═══ Data to examine
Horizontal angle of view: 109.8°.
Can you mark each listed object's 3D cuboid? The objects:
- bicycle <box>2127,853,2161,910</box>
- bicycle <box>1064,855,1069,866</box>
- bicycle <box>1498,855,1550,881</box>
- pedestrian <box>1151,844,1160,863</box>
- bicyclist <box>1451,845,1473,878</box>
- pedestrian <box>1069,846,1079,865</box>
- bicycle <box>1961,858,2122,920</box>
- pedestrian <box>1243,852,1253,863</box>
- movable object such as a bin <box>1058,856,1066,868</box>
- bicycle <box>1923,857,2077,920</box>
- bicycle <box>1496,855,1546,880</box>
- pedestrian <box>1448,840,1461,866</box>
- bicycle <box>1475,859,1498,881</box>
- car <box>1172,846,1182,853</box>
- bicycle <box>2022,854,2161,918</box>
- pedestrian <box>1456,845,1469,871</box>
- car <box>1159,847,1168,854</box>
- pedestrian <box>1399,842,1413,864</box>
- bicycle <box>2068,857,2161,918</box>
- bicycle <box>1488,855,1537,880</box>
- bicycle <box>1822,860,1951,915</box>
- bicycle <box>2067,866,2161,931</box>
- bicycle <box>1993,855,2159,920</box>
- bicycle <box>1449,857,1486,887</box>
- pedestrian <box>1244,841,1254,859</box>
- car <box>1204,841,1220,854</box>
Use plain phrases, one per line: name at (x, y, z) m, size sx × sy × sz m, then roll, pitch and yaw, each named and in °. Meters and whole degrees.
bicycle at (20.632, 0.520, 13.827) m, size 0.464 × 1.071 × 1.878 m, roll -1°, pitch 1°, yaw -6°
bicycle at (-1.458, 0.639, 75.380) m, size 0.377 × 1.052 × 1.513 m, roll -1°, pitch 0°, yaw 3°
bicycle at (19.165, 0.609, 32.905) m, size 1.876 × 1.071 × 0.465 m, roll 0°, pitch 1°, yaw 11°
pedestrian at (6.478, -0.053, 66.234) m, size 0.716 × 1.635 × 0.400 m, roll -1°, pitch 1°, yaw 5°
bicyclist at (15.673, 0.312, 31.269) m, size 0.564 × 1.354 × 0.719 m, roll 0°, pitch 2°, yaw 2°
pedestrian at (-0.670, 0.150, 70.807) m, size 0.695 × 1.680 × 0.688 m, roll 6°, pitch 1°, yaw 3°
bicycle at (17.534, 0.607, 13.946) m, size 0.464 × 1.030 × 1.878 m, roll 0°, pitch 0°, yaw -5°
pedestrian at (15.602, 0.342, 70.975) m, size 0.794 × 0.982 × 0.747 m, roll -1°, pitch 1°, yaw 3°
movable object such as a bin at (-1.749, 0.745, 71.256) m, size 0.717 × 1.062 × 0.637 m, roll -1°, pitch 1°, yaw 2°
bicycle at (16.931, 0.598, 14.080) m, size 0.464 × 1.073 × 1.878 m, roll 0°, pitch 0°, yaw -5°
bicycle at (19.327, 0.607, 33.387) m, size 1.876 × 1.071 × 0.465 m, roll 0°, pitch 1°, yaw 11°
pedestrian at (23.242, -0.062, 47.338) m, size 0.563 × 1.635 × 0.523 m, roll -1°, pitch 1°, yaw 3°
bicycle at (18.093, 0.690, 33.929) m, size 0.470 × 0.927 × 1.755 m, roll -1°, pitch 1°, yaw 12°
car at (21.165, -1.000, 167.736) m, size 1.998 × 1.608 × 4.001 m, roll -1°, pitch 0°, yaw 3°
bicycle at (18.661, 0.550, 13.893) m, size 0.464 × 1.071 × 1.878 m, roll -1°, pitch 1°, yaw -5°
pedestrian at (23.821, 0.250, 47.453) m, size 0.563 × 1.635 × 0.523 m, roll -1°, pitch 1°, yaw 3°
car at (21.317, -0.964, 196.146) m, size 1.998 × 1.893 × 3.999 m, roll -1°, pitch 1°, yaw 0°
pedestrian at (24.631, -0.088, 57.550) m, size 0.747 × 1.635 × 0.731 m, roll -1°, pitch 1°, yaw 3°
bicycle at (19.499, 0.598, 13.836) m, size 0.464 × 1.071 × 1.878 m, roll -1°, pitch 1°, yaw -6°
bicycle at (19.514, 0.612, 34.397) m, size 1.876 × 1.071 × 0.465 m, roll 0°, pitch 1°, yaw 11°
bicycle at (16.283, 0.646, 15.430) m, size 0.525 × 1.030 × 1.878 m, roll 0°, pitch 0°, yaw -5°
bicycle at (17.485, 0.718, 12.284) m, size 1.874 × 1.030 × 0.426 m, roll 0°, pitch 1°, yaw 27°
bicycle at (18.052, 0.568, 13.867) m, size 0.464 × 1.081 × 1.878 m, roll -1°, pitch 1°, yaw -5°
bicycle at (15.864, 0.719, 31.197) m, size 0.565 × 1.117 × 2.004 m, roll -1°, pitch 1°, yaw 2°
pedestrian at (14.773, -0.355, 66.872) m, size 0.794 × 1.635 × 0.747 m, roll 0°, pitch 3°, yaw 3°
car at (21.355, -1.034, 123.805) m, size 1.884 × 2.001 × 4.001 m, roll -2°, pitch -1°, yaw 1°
══════
### Task statement
Taking the line with "- bicycle <box>2127,853,2161,910</box>" as the first and the line with "- car <box>1204,841,1220,854</box>" as the last, retype that stretch of the data above exactly, with no other lines.

### Solution to the problem
- bicycle <box>2127,853,2161,910</box>
- bicycle <box>1064,855,1069,866</box>
- bicycle <box>1498,855,1550,881</box>
- pedestrian <box>1151,844,1160,863</box>
- bicyclist <box>1451,845,1473,878</box>
- pedestrian <box>1069,846,1079,865</box>
- bicycle <box>1961,858,2122,920</box>
- pedestrian <box>1243,852,1253,863</box>
- movable object such as a bin <box>1058,856,1066,868</box>
- bicycle <box>1923,857,2077,920</box>
- bicycle <box>1496,855,1546,880</box>
- pedestrian <box>1448,840,1461,866</box>
- bicycle <box>1475,859,1498,881</box>
- car <box>1172,846,1182,853</box>
- bicycle <box>2022,854,2161,918</box>
- pedestrian <box>1456,845,1469,871</box>
- car <box>1159,847,1168,854</box>
- pedestrian <box>1399,842,1413,864</box>
- bicycle <box>2068,857,2161,918</box>
- bicycle <box>1488,855,1537,880</box>
- bicycle <box>1822,860,1951,915</box>
- bicycle <box>2067,866,2161,931</box>
- bicycle <box>1993,855,2159,920</box>
- bicycle <box>1449,857,1486,887</box>
- pedestrian <box>1244,841,1254,859</box>
- car <box>1204,841,1220,854</box>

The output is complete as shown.